**Required action**
What you give back should match the records word for word.

**Data**
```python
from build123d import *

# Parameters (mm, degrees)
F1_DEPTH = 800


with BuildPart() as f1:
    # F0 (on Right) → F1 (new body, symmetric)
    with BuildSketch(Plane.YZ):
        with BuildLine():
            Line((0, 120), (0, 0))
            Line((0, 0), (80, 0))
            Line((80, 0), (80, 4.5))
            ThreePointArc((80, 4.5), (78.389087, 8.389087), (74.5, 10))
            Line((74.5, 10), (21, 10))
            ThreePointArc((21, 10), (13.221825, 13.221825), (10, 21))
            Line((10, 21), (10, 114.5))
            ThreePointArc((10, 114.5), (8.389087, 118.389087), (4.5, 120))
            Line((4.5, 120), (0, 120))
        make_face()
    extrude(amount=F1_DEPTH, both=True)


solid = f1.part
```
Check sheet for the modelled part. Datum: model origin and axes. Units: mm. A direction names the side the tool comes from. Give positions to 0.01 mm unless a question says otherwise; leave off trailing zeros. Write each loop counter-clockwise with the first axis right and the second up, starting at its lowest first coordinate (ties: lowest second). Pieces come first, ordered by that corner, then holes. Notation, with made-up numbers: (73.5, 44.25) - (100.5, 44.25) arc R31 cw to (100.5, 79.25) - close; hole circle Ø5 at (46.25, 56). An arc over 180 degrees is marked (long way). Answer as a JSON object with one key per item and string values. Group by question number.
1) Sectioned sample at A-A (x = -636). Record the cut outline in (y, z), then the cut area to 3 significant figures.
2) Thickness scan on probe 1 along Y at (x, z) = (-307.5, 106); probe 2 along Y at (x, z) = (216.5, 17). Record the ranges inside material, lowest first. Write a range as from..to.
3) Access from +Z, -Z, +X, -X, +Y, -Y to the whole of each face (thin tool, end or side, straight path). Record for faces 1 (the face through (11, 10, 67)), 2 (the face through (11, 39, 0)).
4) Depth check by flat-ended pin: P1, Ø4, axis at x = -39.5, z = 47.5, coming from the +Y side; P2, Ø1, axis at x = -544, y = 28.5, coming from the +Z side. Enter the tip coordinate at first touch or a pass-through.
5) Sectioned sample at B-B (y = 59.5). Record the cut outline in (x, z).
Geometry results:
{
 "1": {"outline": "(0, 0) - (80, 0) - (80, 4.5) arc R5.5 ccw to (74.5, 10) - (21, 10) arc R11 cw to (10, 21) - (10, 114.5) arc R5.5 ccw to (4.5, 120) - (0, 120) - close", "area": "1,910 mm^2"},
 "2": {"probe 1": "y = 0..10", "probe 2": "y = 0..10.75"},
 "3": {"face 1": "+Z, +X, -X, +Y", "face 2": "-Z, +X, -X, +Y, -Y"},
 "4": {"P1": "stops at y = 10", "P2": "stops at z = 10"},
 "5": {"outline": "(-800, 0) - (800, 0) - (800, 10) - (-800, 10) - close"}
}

**Answer space**
```python
from build123d import *

# Parameters (mm, degrees)
F1_DEPTH = 800


with BuildPart() as f1:
    # F0 (on Right) → F1 (new body, symmetric)
    with BuildSketch(Plane.YZ):
        with BuildLine():
            Line((0, 120), (0, 0))
            Line((0, 0), (80, 0))
            Line((80, 0), (80, 4.5))
            ThreePointArc((80, 4.5), (78.389087, 8.389087), (74.5, 10))
            Line((74.5, 10), (21, 10))
            ThreePointArc((21, 10), (13.221825, 13.221825), (10, 21))
            Line((10, 21), (10, 114.5))
            ThreePointArc((10, 114.5), (8.389087, 118.389087), (4.5, 120))
            Line((4.5, 120), (0, 120))
        make_face()
    extrude(amount=F1_DEPTH, both=True)


solid = f1.part
```
Check sheet for the modelled part. Datum: model origin and axes. Units: mm. A direction names the side the tool comes from. Give positions to 0.01 mm unless a question says otherwise; leave off trailing zeros. Write each loop counter-clockwise with the first axis right and the second up, starting at its lowest first coordinate (ties: lowest second). Pieces come first, ordered by that corner, then holes. Notation, with made-up numbers: (73.5, 44.25) - (100.5, 44.25) arc R31 cw to (100.5, 79.25) - close; hole circle Ø5 at (46.25, 56). An arc over 180 degrees is marked (long way). Answer as a JSON object with one key per item and string values. Group by question number.
1) Sectioned sample at A-A (x = -636). Record the cut outline in (y, z), then the cut area to 3 significant figures.
2) Thickness scan on probe 1 along Y at (x, z) = (-307.5, 106); probe 2 along Y at (x, z) = (216.5, 17). Record the ranges inside material, lowest first. Write a range as from..to.
3) Access from +Z, -Z, +X, -X, +Y, -Y to the whole of each face (thin tool, end or side, straight path). Record for faces 1 (the face through (11, 10, 67)), 2 (the face through (11, 39, 0)).
4) Depth check by flat-ended pin: P1, Ø4, axis at x = -39.5, z = 47.5, coming from the +Y side; P2, Ø1, axis at x = -544, y = 28.5, coming from the +Z side. Enter the tip coordinate at first touch or a pass-through.
5) Sectioned sample at B-B (y = 59.5). Record the cut outline in (x, z).
Geometry results:
{
 "1": {"outline": "(0, 0) - (80, 0) - (80, 4.5) arc R5.5 ccw to (74.5, 10) - (21, 10) arc R11 cw to (10, 21) - (10, 114.5) arc R5.5 ccw to (4.5, 120) - (0, 120) - close", "area": "1,910 mm^2"},
 "2": {"probe 1": "y = 0..10", "probe 2": "y = 0..10.75"},
 "3": {"face 1": "+Z, +X, -X, +Y", "face 2": "-Z, +X, -X, +Y, -Y"},
 "4": {"P1": "stops at y = 10", "P2": "stops at z = 10"},
 "5": {"outline": "(-800, 0) - (800, 0) - (800, 10) - (-800, 10) - close"}
}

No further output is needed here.